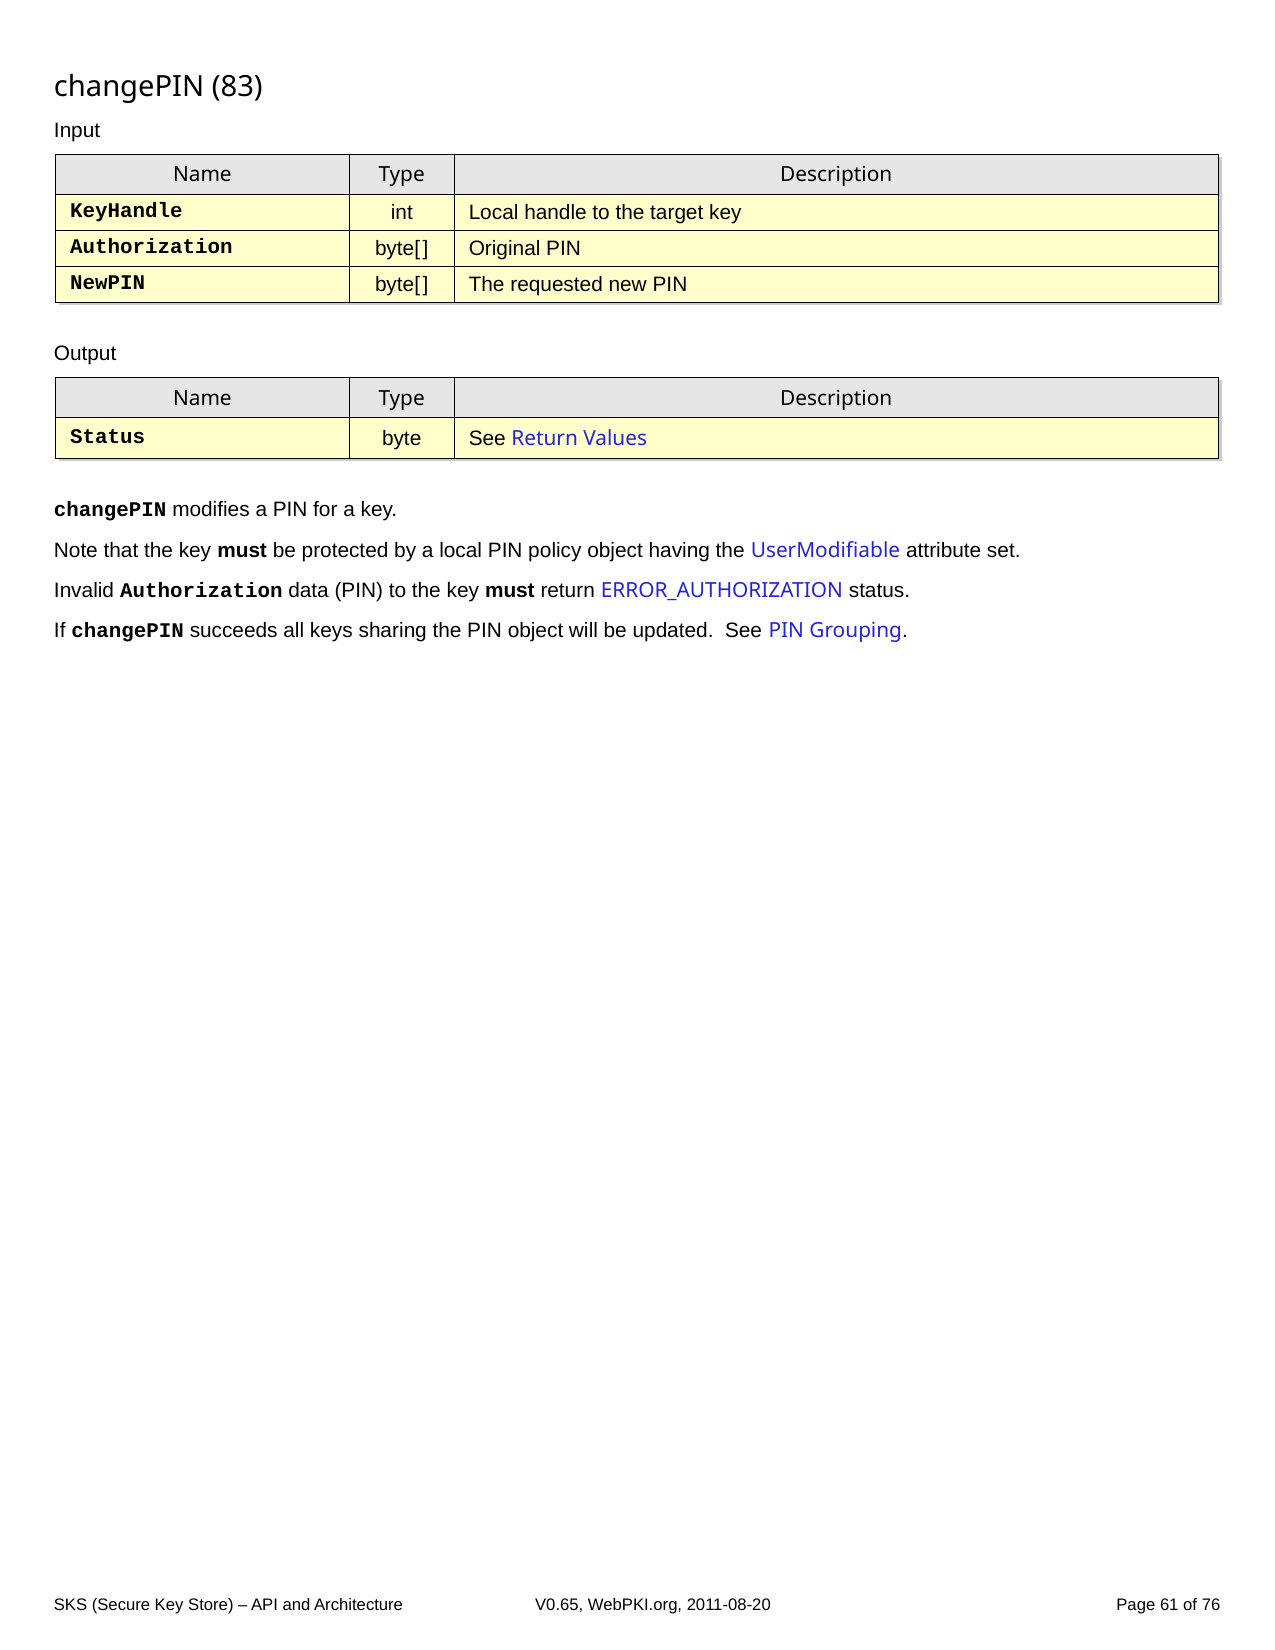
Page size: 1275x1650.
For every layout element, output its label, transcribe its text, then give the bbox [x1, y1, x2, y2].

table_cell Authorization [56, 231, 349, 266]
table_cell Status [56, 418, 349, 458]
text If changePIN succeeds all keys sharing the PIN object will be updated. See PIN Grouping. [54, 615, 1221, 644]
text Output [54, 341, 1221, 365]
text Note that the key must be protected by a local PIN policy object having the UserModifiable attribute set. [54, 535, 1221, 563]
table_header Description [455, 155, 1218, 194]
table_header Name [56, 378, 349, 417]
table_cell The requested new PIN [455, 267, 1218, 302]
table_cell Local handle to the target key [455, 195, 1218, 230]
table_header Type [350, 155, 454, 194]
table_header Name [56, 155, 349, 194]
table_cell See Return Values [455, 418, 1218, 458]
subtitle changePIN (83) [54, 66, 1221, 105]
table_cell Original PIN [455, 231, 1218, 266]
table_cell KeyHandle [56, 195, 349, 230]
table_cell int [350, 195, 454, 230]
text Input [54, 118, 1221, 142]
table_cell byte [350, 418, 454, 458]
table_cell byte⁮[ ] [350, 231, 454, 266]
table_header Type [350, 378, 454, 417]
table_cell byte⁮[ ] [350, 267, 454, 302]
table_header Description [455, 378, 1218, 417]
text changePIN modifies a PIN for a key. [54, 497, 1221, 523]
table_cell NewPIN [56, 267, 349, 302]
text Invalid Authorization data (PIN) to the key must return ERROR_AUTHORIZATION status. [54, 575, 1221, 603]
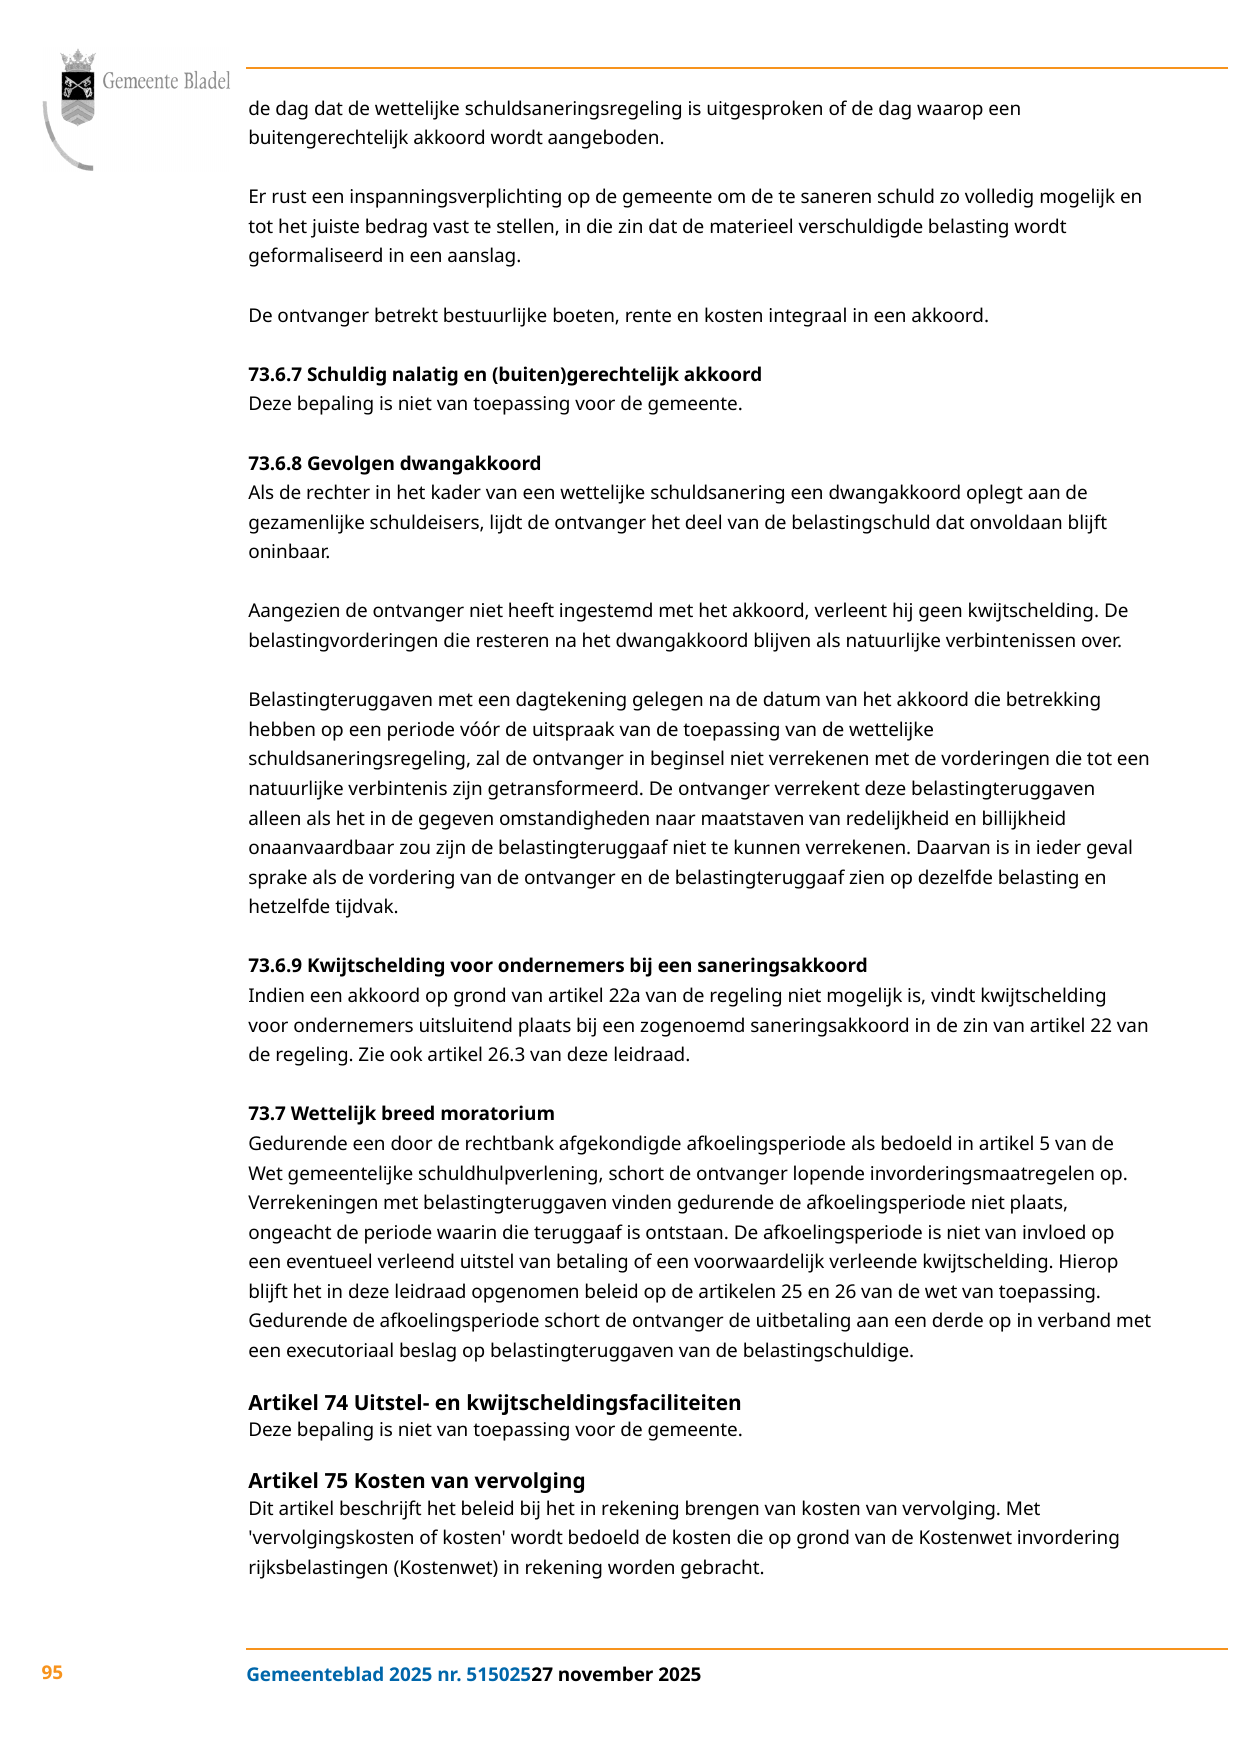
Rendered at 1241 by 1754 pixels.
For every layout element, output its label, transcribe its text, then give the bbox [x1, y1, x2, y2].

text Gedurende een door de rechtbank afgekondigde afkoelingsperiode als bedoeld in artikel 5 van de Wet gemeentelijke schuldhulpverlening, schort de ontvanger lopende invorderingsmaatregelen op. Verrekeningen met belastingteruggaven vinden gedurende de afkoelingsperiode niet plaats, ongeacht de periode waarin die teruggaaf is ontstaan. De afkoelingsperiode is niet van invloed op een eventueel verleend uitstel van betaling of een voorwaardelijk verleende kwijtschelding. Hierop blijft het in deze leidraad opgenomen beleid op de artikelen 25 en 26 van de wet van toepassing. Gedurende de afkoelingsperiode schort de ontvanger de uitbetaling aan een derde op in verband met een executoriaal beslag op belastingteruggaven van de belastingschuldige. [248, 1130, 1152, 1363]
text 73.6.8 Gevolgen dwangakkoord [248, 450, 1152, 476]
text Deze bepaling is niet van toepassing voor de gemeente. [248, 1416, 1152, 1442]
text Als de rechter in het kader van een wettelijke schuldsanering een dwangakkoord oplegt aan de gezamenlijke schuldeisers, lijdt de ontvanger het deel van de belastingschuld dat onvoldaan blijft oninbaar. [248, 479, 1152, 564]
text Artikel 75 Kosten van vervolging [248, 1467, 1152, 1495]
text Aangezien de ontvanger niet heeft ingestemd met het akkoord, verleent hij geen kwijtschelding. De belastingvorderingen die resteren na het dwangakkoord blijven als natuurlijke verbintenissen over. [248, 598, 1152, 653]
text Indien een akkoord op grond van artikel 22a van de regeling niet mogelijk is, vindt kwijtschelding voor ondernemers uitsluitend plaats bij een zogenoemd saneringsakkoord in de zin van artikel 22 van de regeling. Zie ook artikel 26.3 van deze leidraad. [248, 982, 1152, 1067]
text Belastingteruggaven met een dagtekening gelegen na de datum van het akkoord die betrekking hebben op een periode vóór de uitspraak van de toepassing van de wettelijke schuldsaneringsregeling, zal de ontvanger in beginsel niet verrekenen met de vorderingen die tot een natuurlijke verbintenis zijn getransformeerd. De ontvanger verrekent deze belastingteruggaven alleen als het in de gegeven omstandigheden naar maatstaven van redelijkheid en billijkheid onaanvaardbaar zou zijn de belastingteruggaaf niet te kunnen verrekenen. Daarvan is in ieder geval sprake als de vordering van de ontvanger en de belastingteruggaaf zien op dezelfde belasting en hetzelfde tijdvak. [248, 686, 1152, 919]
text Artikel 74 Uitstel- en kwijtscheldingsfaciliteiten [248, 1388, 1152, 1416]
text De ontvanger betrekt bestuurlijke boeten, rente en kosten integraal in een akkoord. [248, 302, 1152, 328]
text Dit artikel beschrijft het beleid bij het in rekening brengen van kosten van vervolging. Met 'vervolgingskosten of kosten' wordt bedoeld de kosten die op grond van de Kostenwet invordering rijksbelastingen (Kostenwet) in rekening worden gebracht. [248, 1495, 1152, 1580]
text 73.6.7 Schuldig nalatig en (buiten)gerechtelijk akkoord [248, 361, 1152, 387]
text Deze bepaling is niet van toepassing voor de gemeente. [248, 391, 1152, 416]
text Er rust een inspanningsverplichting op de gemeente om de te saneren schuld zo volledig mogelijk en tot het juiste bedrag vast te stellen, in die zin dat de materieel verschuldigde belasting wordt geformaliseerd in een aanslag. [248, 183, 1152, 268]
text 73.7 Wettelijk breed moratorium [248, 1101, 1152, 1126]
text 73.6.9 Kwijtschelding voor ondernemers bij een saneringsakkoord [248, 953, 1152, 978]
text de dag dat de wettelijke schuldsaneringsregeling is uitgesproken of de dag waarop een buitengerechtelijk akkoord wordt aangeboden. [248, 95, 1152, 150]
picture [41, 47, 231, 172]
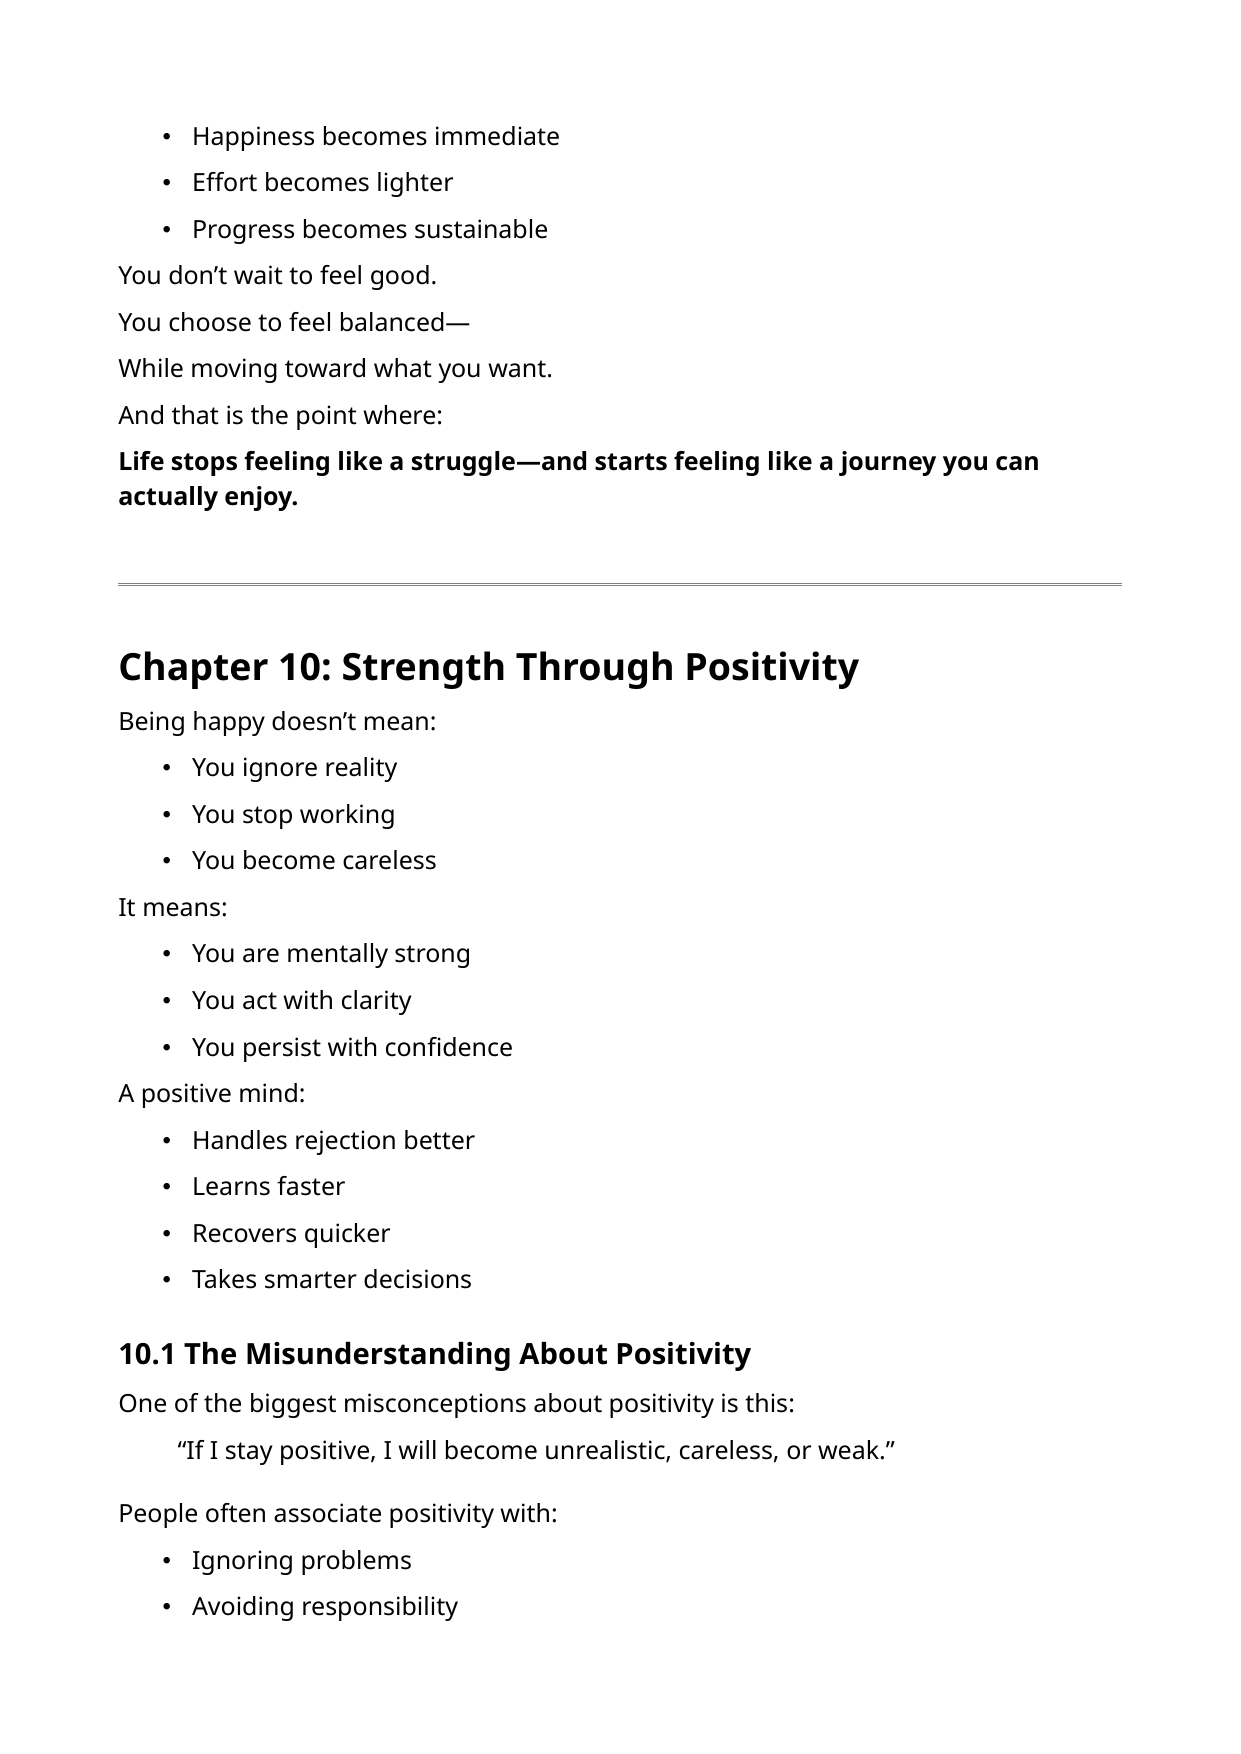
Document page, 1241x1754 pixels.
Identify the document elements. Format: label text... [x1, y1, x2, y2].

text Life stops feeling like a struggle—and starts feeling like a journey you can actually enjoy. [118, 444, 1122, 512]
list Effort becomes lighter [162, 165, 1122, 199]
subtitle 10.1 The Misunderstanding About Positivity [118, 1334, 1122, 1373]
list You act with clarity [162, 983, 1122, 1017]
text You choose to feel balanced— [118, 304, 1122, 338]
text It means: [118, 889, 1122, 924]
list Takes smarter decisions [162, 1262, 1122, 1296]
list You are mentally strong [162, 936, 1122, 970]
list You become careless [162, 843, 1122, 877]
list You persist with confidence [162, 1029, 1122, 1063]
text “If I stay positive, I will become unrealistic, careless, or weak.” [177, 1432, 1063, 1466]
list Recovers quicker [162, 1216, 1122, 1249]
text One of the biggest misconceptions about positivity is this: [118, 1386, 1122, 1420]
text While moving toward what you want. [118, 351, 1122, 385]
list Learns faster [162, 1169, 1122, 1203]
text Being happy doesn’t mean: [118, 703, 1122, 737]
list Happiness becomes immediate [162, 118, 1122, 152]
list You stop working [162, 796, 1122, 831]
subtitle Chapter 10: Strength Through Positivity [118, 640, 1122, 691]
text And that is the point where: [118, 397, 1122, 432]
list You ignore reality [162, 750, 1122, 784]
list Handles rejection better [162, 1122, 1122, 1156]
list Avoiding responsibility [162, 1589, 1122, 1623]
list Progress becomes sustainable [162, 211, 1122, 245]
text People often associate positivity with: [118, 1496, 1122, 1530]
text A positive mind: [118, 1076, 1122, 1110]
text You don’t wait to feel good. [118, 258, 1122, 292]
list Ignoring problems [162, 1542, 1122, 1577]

- - - - - - -

• _Problem details_: Taking the entries above, print exactly the lines starting at the line with "list You are" and ending at the line with "list Learns faster [162, 1169, 1122, 1203]", both included.

• _Reply to the task_:
list You are mentally strong [162, 936, 1122, 970]
list You become careless [162, 843, 1122, 877]
list You persist with confidence [162, 1029, 1122, 1063]
text “If I stay positive, I will become unrealistic, careless, or weak.” [177, 1432, 1063, 1466]
list Recovers quicker [162, 1216, 1122, 1249]
text One of the biggest misconceptions about positivity is this: [118, 1386, 1122, 1420]
text While moving toward what you want. [118, 351, 1122, 385]
list Learns faster [162, 1169, 1122, 1203]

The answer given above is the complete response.